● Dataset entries
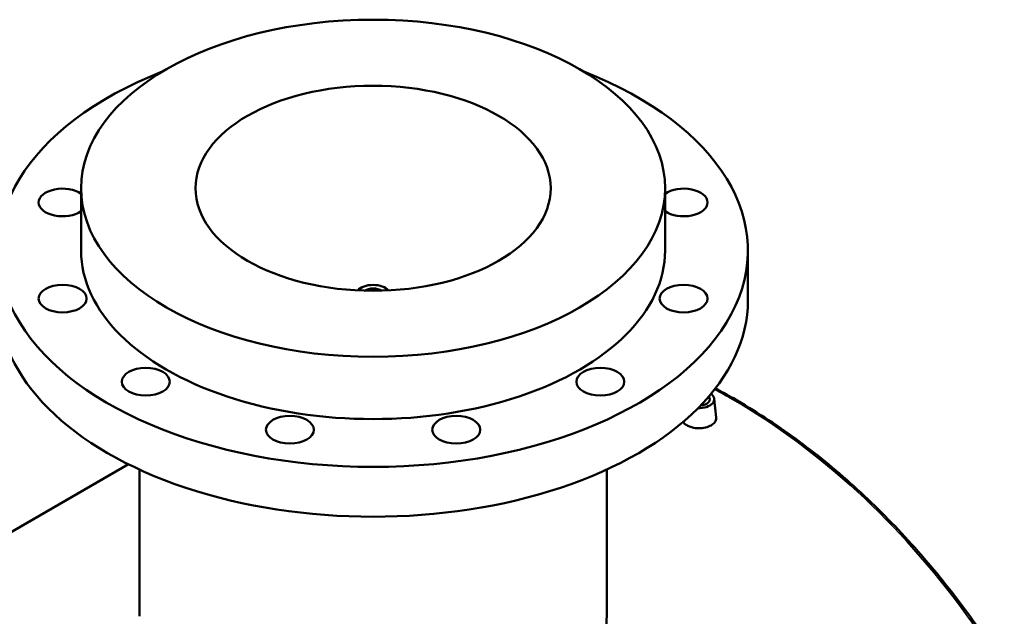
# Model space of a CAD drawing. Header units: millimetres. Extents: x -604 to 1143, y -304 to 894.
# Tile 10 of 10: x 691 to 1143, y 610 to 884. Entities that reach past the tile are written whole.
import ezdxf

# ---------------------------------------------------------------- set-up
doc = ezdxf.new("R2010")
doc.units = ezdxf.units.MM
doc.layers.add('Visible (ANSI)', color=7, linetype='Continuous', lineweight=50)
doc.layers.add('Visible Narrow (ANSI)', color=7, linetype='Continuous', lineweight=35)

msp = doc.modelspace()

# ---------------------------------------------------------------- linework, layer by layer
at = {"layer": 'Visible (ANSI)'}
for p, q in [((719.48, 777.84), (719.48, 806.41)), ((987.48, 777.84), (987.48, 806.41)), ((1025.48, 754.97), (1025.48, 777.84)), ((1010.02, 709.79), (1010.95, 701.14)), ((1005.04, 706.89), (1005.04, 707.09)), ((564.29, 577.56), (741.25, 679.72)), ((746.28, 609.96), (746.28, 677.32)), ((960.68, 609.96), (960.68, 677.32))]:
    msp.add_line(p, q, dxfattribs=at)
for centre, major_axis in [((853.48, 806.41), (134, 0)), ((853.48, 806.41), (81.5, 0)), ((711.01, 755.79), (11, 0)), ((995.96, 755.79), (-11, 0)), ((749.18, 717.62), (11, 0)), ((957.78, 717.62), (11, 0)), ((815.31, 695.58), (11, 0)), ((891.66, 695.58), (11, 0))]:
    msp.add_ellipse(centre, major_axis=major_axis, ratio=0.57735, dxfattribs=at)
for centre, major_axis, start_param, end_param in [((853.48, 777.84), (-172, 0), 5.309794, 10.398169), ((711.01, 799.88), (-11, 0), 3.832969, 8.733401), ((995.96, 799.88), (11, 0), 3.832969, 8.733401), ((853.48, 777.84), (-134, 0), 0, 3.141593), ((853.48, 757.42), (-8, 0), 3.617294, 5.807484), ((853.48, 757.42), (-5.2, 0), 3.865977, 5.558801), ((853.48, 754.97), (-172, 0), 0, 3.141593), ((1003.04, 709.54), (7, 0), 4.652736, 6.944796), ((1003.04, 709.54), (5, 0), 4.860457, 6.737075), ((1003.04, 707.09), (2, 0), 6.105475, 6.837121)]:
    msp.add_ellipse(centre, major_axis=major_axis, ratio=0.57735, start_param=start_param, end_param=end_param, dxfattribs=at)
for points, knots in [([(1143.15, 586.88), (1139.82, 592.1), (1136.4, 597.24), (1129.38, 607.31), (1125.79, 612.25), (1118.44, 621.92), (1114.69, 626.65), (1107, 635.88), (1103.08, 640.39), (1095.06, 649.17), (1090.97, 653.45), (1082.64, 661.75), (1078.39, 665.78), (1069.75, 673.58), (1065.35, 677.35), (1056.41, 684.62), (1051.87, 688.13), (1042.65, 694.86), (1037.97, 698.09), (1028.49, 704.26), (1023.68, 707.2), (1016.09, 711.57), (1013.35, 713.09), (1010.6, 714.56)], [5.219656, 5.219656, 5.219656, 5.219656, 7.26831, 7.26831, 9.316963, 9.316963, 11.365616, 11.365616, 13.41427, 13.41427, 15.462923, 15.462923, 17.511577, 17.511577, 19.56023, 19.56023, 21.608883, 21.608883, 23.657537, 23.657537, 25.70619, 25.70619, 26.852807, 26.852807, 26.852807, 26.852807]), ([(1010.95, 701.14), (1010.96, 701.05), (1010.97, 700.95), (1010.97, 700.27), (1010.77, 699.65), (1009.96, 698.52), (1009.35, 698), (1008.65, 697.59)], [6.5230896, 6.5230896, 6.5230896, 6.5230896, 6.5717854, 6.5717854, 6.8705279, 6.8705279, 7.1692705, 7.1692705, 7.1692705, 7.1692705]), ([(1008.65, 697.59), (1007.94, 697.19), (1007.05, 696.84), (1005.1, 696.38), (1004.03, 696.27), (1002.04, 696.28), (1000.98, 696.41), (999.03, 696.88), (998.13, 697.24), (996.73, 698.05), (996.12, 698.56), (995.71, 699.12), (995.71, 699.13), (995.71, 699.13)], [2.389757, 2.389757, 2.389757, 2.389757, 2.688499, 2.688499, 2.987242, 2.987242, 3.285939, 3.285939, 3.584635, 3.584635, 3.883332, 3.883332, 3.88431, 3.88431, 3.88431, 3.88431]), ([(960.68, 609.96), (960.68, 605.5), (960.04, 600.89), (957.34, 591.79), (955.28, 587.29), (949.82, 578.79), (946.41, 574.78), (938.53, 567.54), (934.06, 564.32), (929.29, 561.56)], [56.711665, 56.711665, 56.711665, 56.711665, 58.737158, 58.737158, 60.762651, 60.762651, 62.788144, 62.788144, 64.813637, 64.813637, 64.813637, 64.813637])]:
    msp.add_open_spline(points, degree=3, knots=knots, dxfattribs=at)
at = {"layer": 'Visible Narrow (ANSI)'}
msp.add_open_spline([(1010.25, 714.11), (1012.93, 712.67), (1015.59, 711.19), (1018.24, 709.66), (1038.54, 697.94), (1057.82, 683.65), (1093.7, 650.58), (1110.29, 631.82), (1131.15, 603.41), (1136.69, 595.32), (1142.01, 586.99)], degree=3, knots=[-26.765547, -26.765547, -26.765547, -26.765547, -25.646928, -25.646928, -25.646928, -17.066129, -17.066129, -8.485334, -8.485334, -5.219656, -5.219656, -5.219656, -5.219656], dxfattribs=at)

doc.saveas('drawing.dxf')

● PROBLEM TO SOLVE
Transcribe every entry exactly. Leave out the pictures.

● EXERCISE RESPONSE
# Model space of a CAD drawing. Header units: millimetres. Extents: x -604 to 1143, y -304 to 894.
# Tile 10 of 10: x 691 to 1143, y 610 to 884. Entities that reach past the tile are written whole.
import ezdxf

# ---------------------------------------------------------------- set-up
doc = ezdxf.new("R2010")
doc.units = ezdxf.units.MM
doc.layers.add('Visible (ANSI)', color=7, linetype='Continuous', lineweight=50)
doc.layers.add('Visible Narrow (ANSI)', color=7, linetype='Continuous', lineweight=35)

msp = doc.modelspace()

# ---------------------------------------------------------------- linework, layer by layer
at = {"layer": 'Visible (ANSI)'}
for p, q in [((719.48, 777.84), (719.48, 806.41)), ((987.48, 777.84), (987.48, 806.41)), ((1025.48, 754.97), (1025.48, 777.84)), ((1010.02, 709.79), (1010.95, 701.14)), ((1005.04, 706.89), (1005.04, 707.09)), ((564.29, 577.56), (741.25, 679.72)), ((746.28, 609.96), (746.28, 677.32)), ((960.68, 609.96), (960.68, 677.32))]:
    msp.add_line(p, q, dxfattribs=at)
for centre, major_axis in [((853.48, 806.41), (134, 0)), ((853.48, 806.41), (81.5, 0)), ((711.01, 755.79), (11, 0)), ((995.96, 755.79), (-11, 0)), ((749.18, 717.62), (11, 0)), ((957.78, 717.62), (11, 0)), ((815.31, 695.58), (11, 0)), ((891.66, 695.58), (11, 0))]:
    msp.add_ellipse(centre, major_axis=major_axis, ratio=0.57735, dxfattribs=at)
for centre, major_axis, start_param, end_param in [((853.48, 777.84), (-172, 0), 5.309794, 10.398169), ((711.01, 799.88), (-11, 0), 3.832969, 8.733401), ((995.96, 799.88), (11, 0), 3.832969, 8.733401), ((853.48, 777.84), (-134, 0), 0, 3.141593), ((853.48, 757.42), (-8, 0), 3.617294, 5.807484), ((853.48, 757.42), (-5.2, 0), 3.865977, 5.558801), ((853.48, 754.97), (-172, 0), 0, 3.141593), ((1003.04, 709.54), (7, 0), 4.652736, 6.944796), ((1003.04, 709.54), (5, 0), 4.860457, 6.737075), ((1003.04, 707.09), (2, 0), 6.105475, 6.837121)]:
    msp.add_ellipse(centre, major_axis=major_axis, ratio=0.57735, start_param=start_param, end_param=end_param, dxfattribs=at)
for points, knots in [([(1143.15, 586.88), (1139.82, 592.1), (1136.4, 597.24), (1129.38, 607.31), (1125.79, 612.25), (1118.44, 621.92), (1114.69, 626.65), (1107, 635.88), (1103.08, 640.39), (1095.06, 649.17), (1090.97, 653.45), (1082.64, 661.75), (1078.39, 665.78), (1069.75, 673.58), (1065.35, 677.35), (1056.41, 684.62), (1051.87, 688.13), (1042.65, 694.86), (1037.97, 698.09), (1028.49, 704.26), (1023.68, 707.2), (1016.09, 711.57), (1013.35, 713.09), (1010.6, 714.56)], [5.219656, 5.219656, 5.219656, 5.219656, 7.26831, 7.26831, 9.316963, 9.316963, 11.365616, 11.365616, 13.41427, 13.41427, 15.462923, 15.462923, 17.511577, 17.511577, 19.56023, 19.56023, 21.608883, 21.608883, 23.657537, 23.657537, 25.70619, 25.70619, 26.852807, 26.852807, 26.852807, 26.852807]), ([(1010.95, 701.14), (1010.96, 701.05), (1010.97, 700.95), (1010.97, 700.27), (1010.77, 699.65), (1009.96, 698.52), (1009.35, 698), (1008.65, 697.59)], [6.5230896, 6.5230896, 6.5230896, 6.5230896, 6.5717854, 6.5717854, 6.8705279, 6.8705279, 7.1692705, 7.1692705, 7.1692705, 7.1692705]), ([(1008.65, 697.59), (1007.94, 697.19), (1007.05, 696.84), (1005.1, 696.38), (1004.03, 696.27), (1002.04, 696.28), (1000.98, 696.41), (999.03, 696.88), (998.13, 697.24), (996.73, 698.05), (996.12, 698.56), (995.71, 699.12), (995.71, 699.13), (995.71, 699.13)], [2.389757, 2.389757, 2.389757, 2.389757, 2.688499, 2.688499, 2.987242, 2.987242, 3.285939, 3.285939, 3.584635, 3.584635, 3.883332, 3.883332, 3.88431, 3.88431, 3.88431, 3.88431]), ([(960.68, 609.96), (960.68, 605.5), (960.04, 600.89), (957.34, 591.79), (955.28, 587.29), (949.82, 578.79), (946.41, 574.78), (938.53, 567.54), (934.06, 564.32), (929.29, 561.56)], [56.711665, 56.711665, 56.711665, 56.711665, 58.737158, 58.737158, 60.762651, 60.762651, 62.788144, 62.788144, 64.813637, 64.813637, 64.813637, 64.813637])]:
    msp.add_open_spline(points, degree=3, knots=knots, dxfattribs=at)
at = {"layer": 'Visible Narrow (ANSI)'}
msp.add_open_spline([(1010.25, 714.11), (1012.93, 712.67), (1015.59, 711.19), (1018.24, 709.66), (1038.54, 697.94), (1057.82, 683.65), (1093.7, 650.58), (1110.29, 631.82), (1131.15, 603.41), (1136.69, 595.32), (1142.01, 586.99)], degree=3, knots=[-26.765547, -26.765547, -26.765547, -26.765547, -25.646928, -25.646928, -25.646928, -17.066129, -17.066129, -8.485334, -8.485334, -5.219656, -5.219656, -5.219656, -5.219656], dxfattribs=at)

doc.saveas('drawing.dxf')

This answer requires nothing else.